New book by USF School of Music Associate Professor Ya-Hui Cheng
Congratulations to Ya-Hui Cheng, Associate Professor of Music Theory, on the release of her new book, The Evolution of Chinese Popular Music: Modernization and Globalization, 1927 to the Present.
Ya-Hui Cheng examines the emergence of popular music genres – jazz, rock, and hip-hop – in Chinese society, covering the social underpinnings that shaped the development of popular music in China and Taiwan, from imperialism to westernization and from modernization to globalization. The political sensitivities across the strait have long eclipsed the discussion of these shared sonic intimacies.
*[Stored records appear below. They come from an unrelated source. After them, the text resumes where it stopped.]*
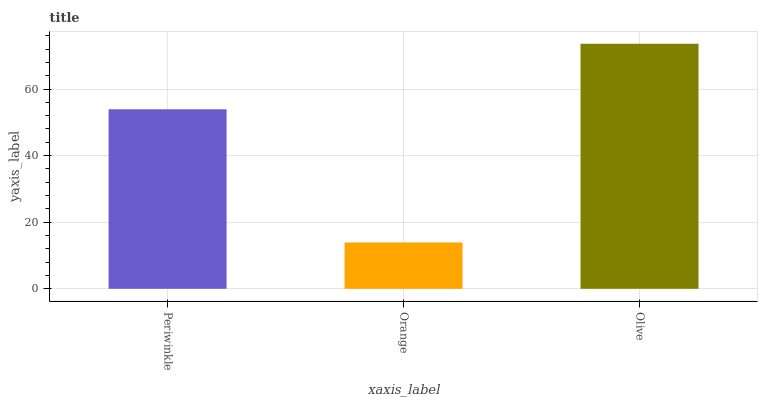Is Olive the minimum?
Answer yes or no. No. Is Orange the maximum?
Answer yes or no. No. Is Olive greater than Orange?
Answer yes or no. Yes. Is Orange less than Olive?
Answer yes or no. Yes. Is Orange greater than Olive?
Answer yes or no. No. Is Olive less than Orange?
Answer yes or no. No. Is Periwinkle the high median?
Answer yes or no. Yes. Is Periwinkle the low median?
Answer yes or no. Yes. Is Orange the high median?
Answer yes or no. No. Is Orange the low median?
Answer yes or no. No. 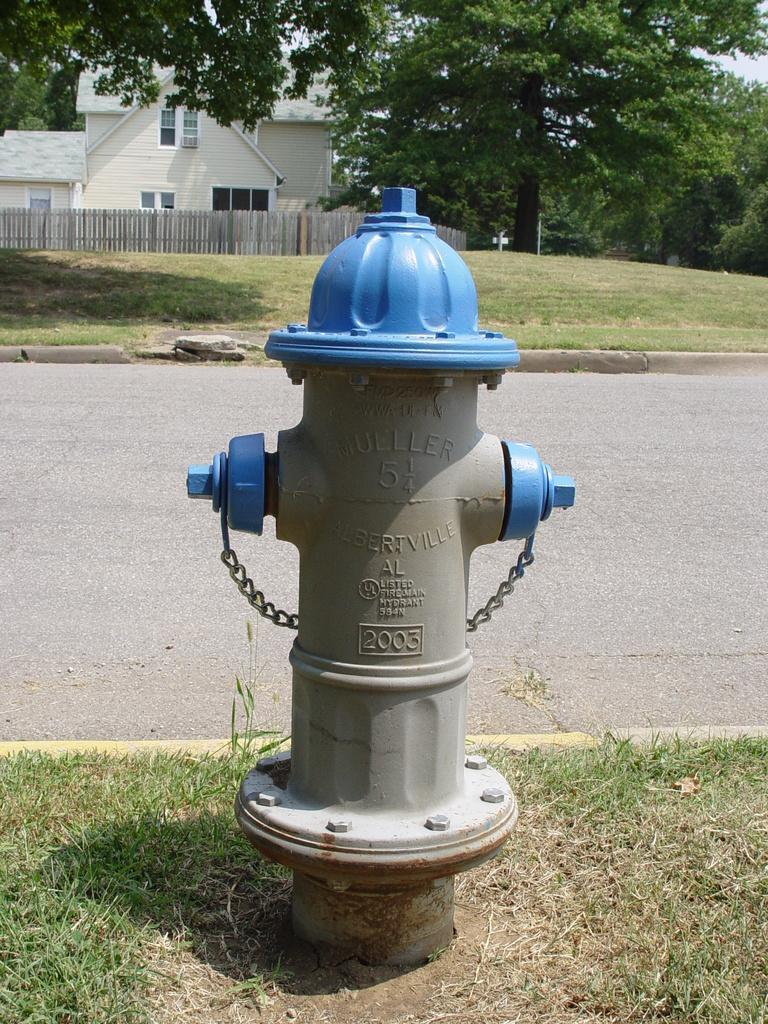In one or two sentences, can you explain what this image depicts? In this image there is a water hydrant on the ground. There is grass on the ground. Behind it there is a road. Beside the road there's grass on the ground. In the background there are trees and a house. There is a wooden fencing around the house. At the top there is the sky. 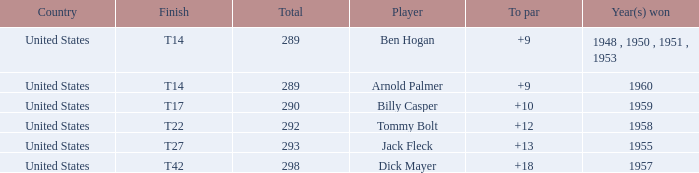What is Player, when Year(s) Won is 1955? Jack Fleck. 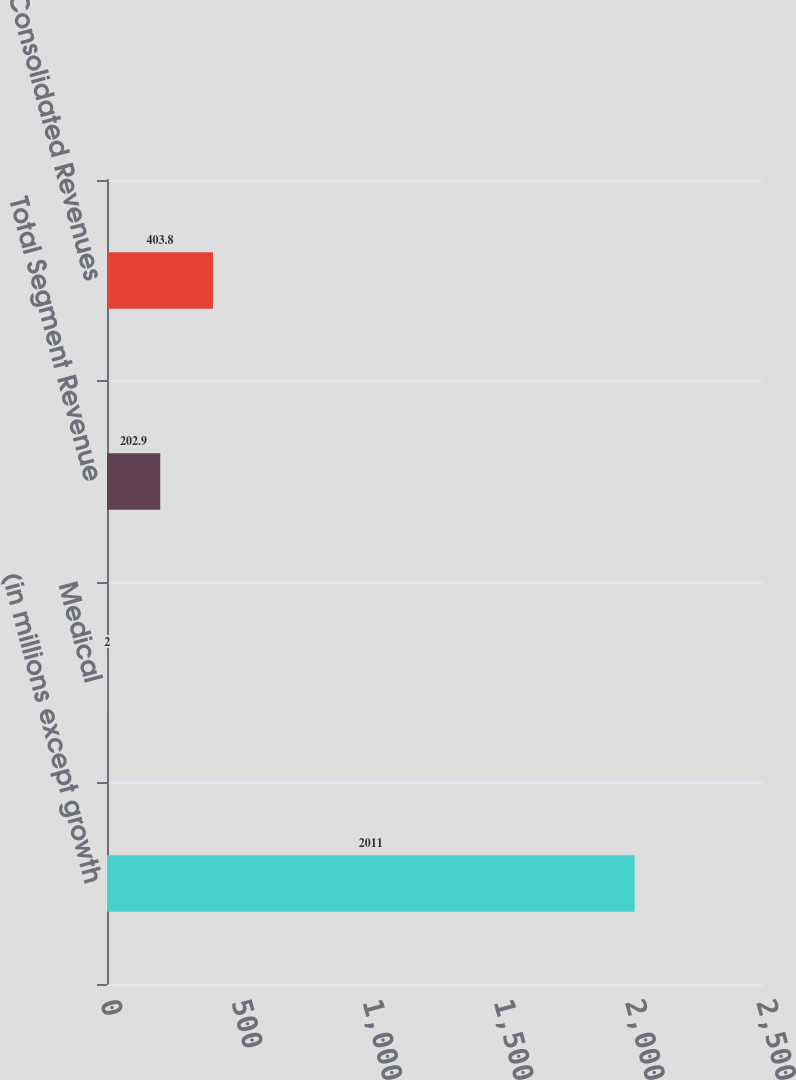Convert chart. <chart><loc_0><loc_0><loc_500><loc_500><bar_chart><fcel>(in millions except growth<fcel>Medical<fcel>Total Segment Revenue<fcel>Consolidated Revenues<nl><fcel>2011<fcel>2<fcel>202.9<fcel>403.8<nl></chart> 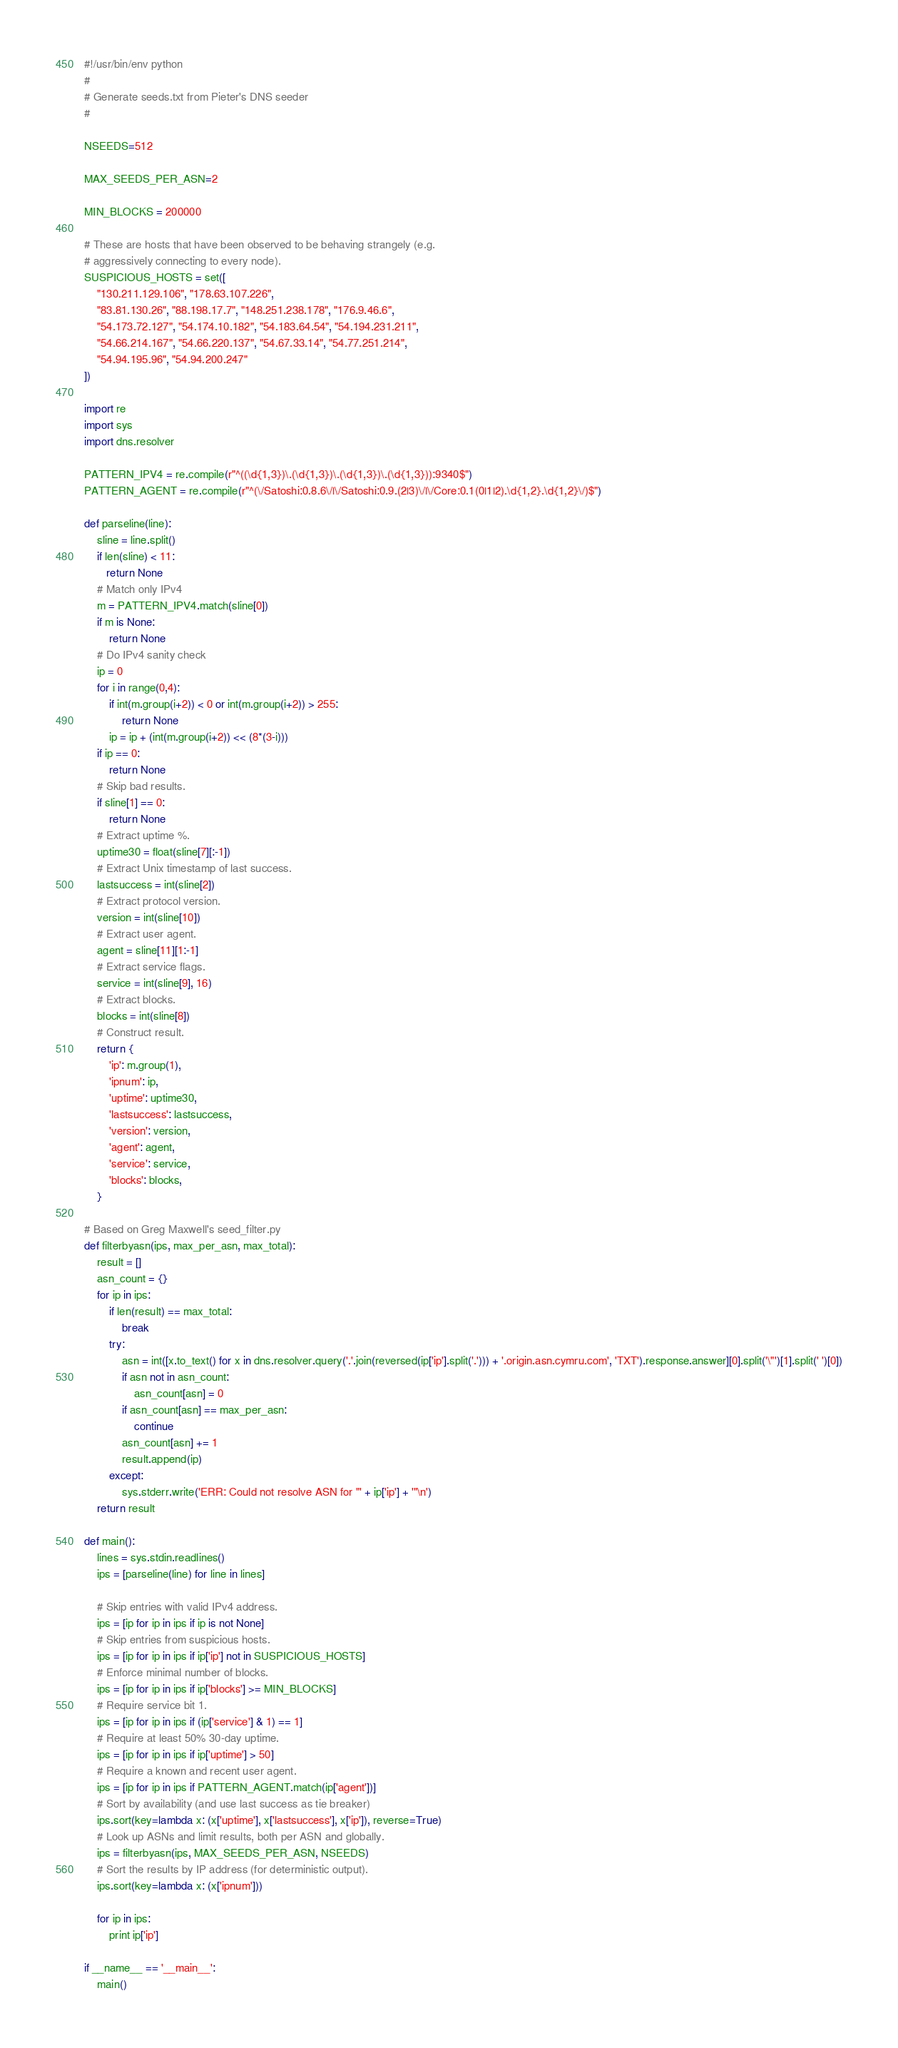Convert code to text. <code><loc_0><loc_0><loc_500><loc_500><_Python_>#!/usr/bin/env python
#
# Generate seeds.txt from Pieter's DNS seeder
#

NSEEDS=512

MAX_SEEDS_PER_ASN=2

MIN_BLOCKS = 200000

# These are hosts that have been observed to be behaving strangely (e.g.
# aggressively connecting to every node).
SUSPICIOUS_HOSTS = set([
    "130.211.129.106", "178.63.107.226",
    "83.81.130.26", "88.198.17.7", "148.251.238.178", "176.9.46.6",
    "54.173.72.127", "54.174.10.182", "54.183.64.54", "54.194.231.211",
    "54.66.214.167", "54.66.220.137", "54.67.33.14", "54.77.251.214",
    "54.94.195.96", "54.94.200.247"
])

import re
import sys
import dns.resolver

PATTERN_IPV4 = re.compile(r"^((\d{1,3})\.(\d{1,3})\.(\d{1,3})\.(\d{1,3})):9340$")
PATTERN_AGENT = re.compile(r"^(\/Satoshi:0.8.6\/|\/Satoshi:0.9.(2|3)\/|\/Core:0.1(0|1|2).\d{1,2}.\d{1,2}\/)$")

def parseline(line):
    sline = line.split()
    if len(sline) < 11:
       return None
    # Match only IPv4
    m = PATTERN_IPV4.match(sline[0])
    if m is None:
        return None
    # Do IPv4 sanity check
    ip = 0
    for i in range(0,4):
        if int(m.group(i+2)) < 0 or int(m.group(i+2)) > 255:
            return None
        ip = ip + (int(m.group(i+2)) << (8*(3-i)))
    if ip == 0:
        return None
    # Skip bad results.
    if sline[1] == 0:
        return None
    # Extract uptime %.
    uptime30 = float(sline[7][:-1])
    # Extract Unix timestamp of last success.
    lastsuccess = int(sline[2])
    # Extract protocol version.
    version = int(sline[10])
    # Extract user agent.
    agent = sline[11][1:-1]
    # Extract service flags.
    service = int(sline[9], 16)
    # Extract blocks.
    blocks = int(sline[8])
    # Construct result.
    return {
        'ip': m.group(1),
        'ipnum': ip,
        'uptime': uptime30,
        'lastsuccess': lastsuccess,
        'version': version,
        'agent': agent,
        'service': service,
        'blocks': blocks,
    }

# Based on Greg Maxwell's seed_filter.py
def filterbyasn(ips, max_per_asn, max_total):
    result = []
    asn_count = {}
    for ip in ips:
        if len(result) == max_total:
            break
        try:
            asn = int([x.to_text() for x in dns.resolver.query('.'.join(reversed(ip['ip'].split('.'))) + '.origin.asn.cymru.com', 'TXT').response.answer][0].split('\"')[1].split(' ')[0])
            if asn not in asn_count:
                asn_count[asn] = 0
            if asn_count[asn] == max_per_asn:
                continue
            asn_count[asn] += 1
            result.append(ip)
        except:
            sys.stderr.write('ERR: Could not resolve ASN for "' + ip['ip'] + '"\n')
    return result

def main():
    lines = sys.stdin.readlines()
    ips = [parseline(line) for line in lines]

    # Skip entries with valid IPv4 address.
    ips = [ip for ip in ips if ip is not None]
    # Skip entries from suspicious hosts.
    ips = [ip for ip in ips if ip['ip'] not in SUSPICIOUS_HOSTS]
    # Enforce minimal number of blocks.
    ips = [ip for ip in ips if ip['blocks'] >= MIN_BLOCKS]
    # Require service bit 1.
    ips = [ip for ip in ips if (ip['service'] & 1) == 1]
    # Require at least 50% 30-day uptime.
    ips = [ip for ip in ips if ip['uptime'] > 50]
    # Require a known and recent user agent.
    ips = [ip for ip in ips if PATTERN_AGENT.match(ip['agent'])]
    # Sort by availability (and use last success as tie breaker)
    ips.sort(key=lambda x: (x['uptime'], x['lastsuccess'], x['ip']), reverse=True)
    # Look up ASNs and limit results, both per ASN and globally.
    ips = filterbyasn(ips, MAX_SEEDS_PER_ASN, NSEEDS)
    # Sort the results by IP address (for deterministic output).
    ips.sort(key=lambda x: (x['ipnum']))

    for ip in ips:
        print ip['ip']

if __name__ == '__main__':
    main()
</code> 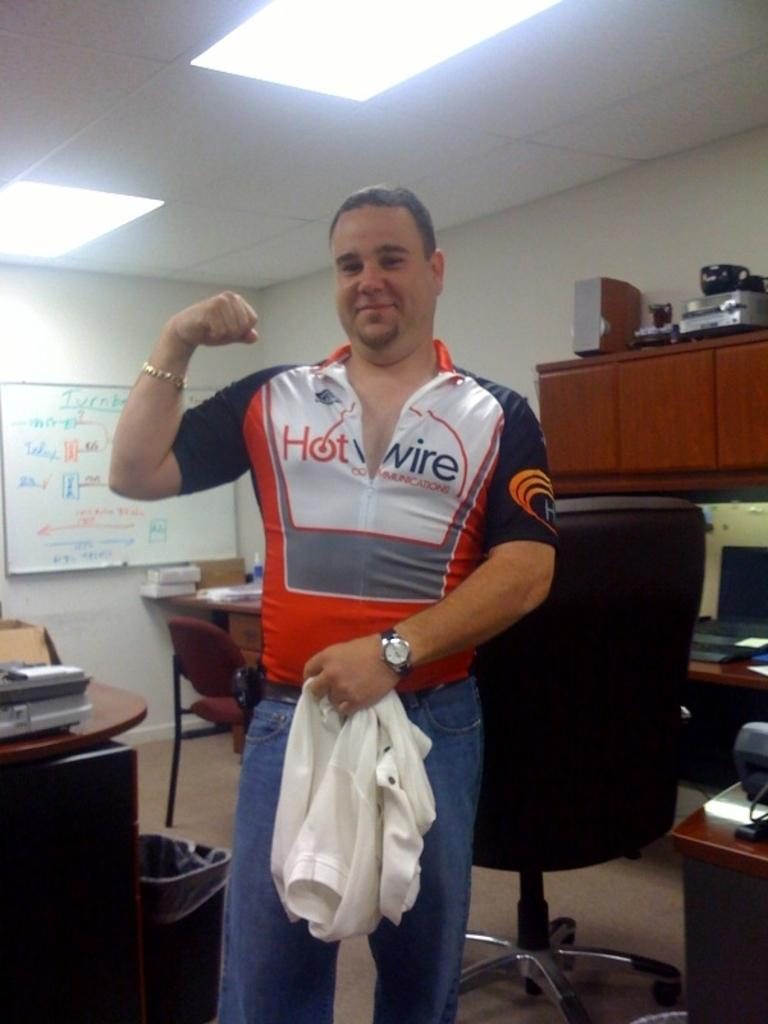<image>
Present a compact description of the photo's key features. A man is wearing a shirt with the words hot wire on it. 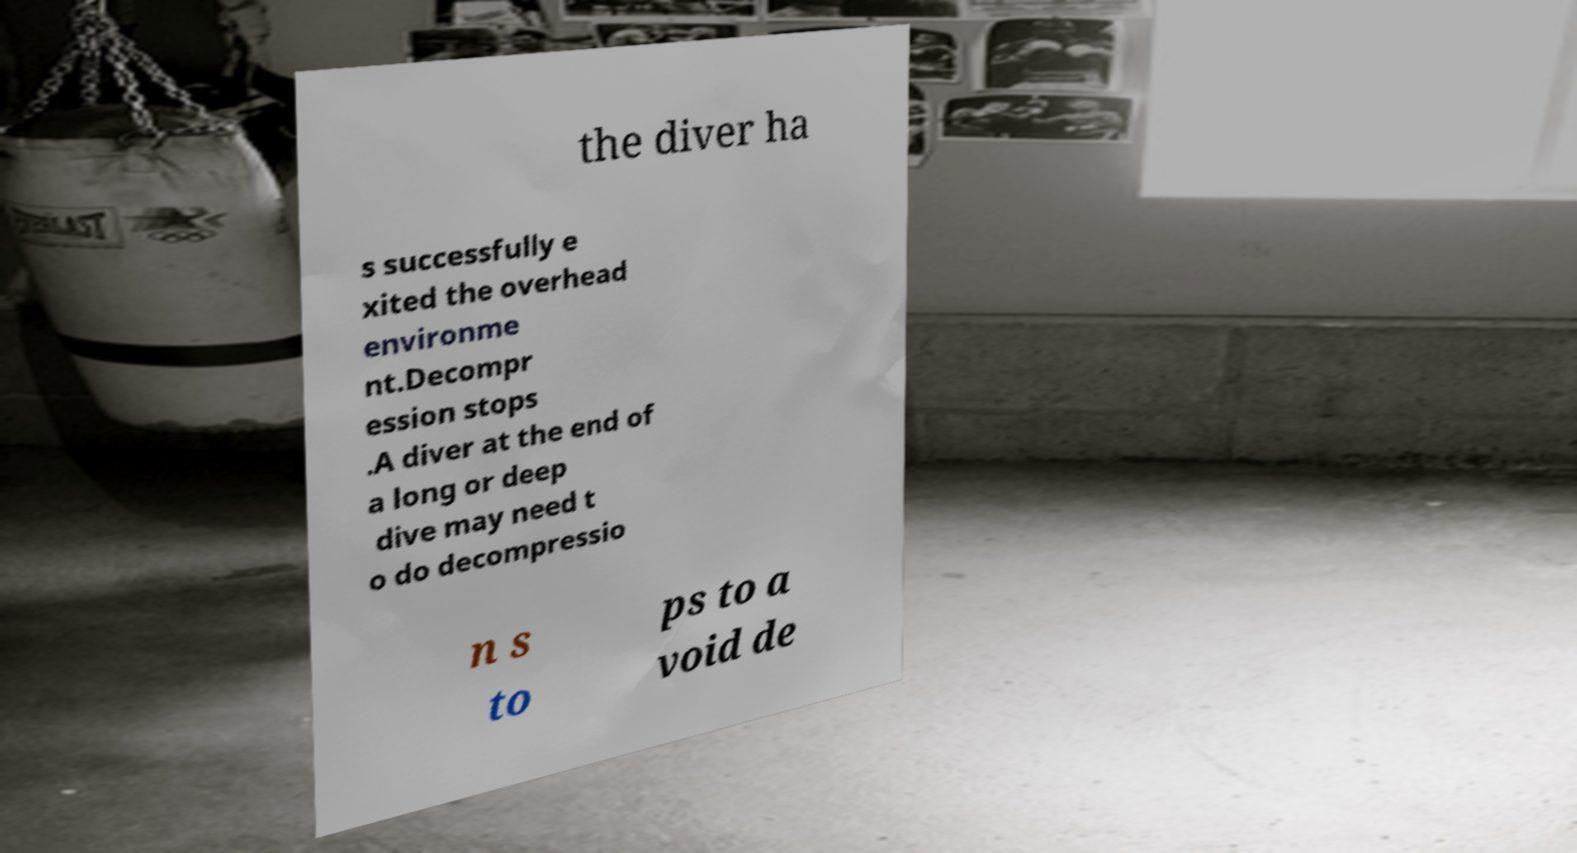I need the written content from this picture converted into text. Can you do that? the diver ha s successfully e xited the overhead environme nt.Decompr ession stops .A diver at the end of a long or deep dive may need t o do decompressio n s to ps to a void de 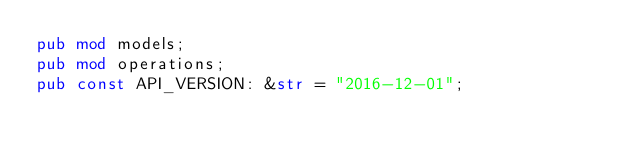<code> <loc_0><loc_0><loc_500><loc_500><_Rust_>pub mod models;
pub mod operations;
pub const API_VERSION: &str = "2016-12-01";
</code> 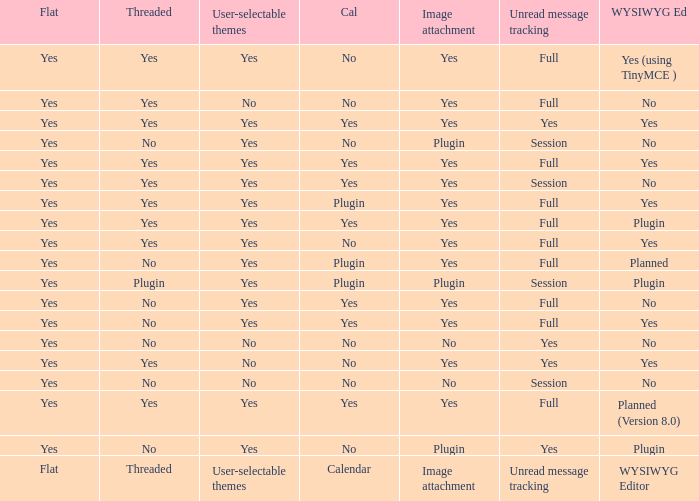Which Calendar has a User-selectable themes of user-selectable themes? Calendar. 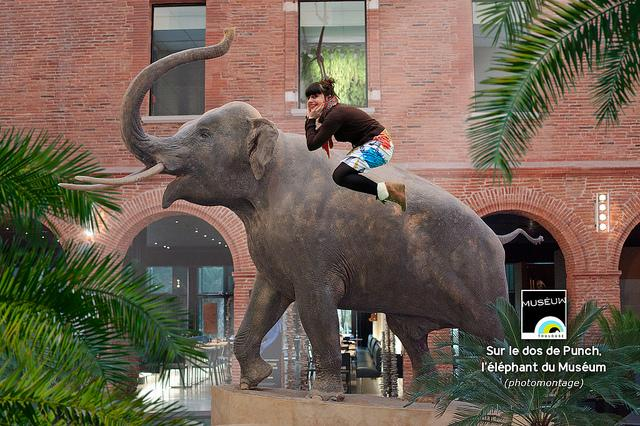What happened to this image? photoshopped

It was not until the rise of the digital age, when entertainment programs from China and Taiwan reached social media on a global scale, that audiences realized the existence of this sonic reciprocation.
Analyzing Chinese pentatonicism and popular songs published from 1927 to the present, the book discusses structural elements in Chinese popular music to show how they aligned closely with Chinese folk traditions. While the influences from Western genres are inevitable under the phenomenon of globalization, Chinese songwriters utilized these Western inspirations to modernize their musical traditions. It is a sensitivity for exhibiting cultural identities that enabled popular music to present a unique Chinese global image while transcending political discord and unifying mass cultures across the strait.
The Evolution of Chinese Popular Music: Modernization and Globalization, 1927 to the Present was published by Routledge, the world's leading academic publisher in the Humanities and Social Sciences. Routledge’s publishing program encompasses groundbreaking textbooks and premier, peer-reviewed research in the Social Sciences, Humanities, Built Environment, Education and Behavioral Sciences.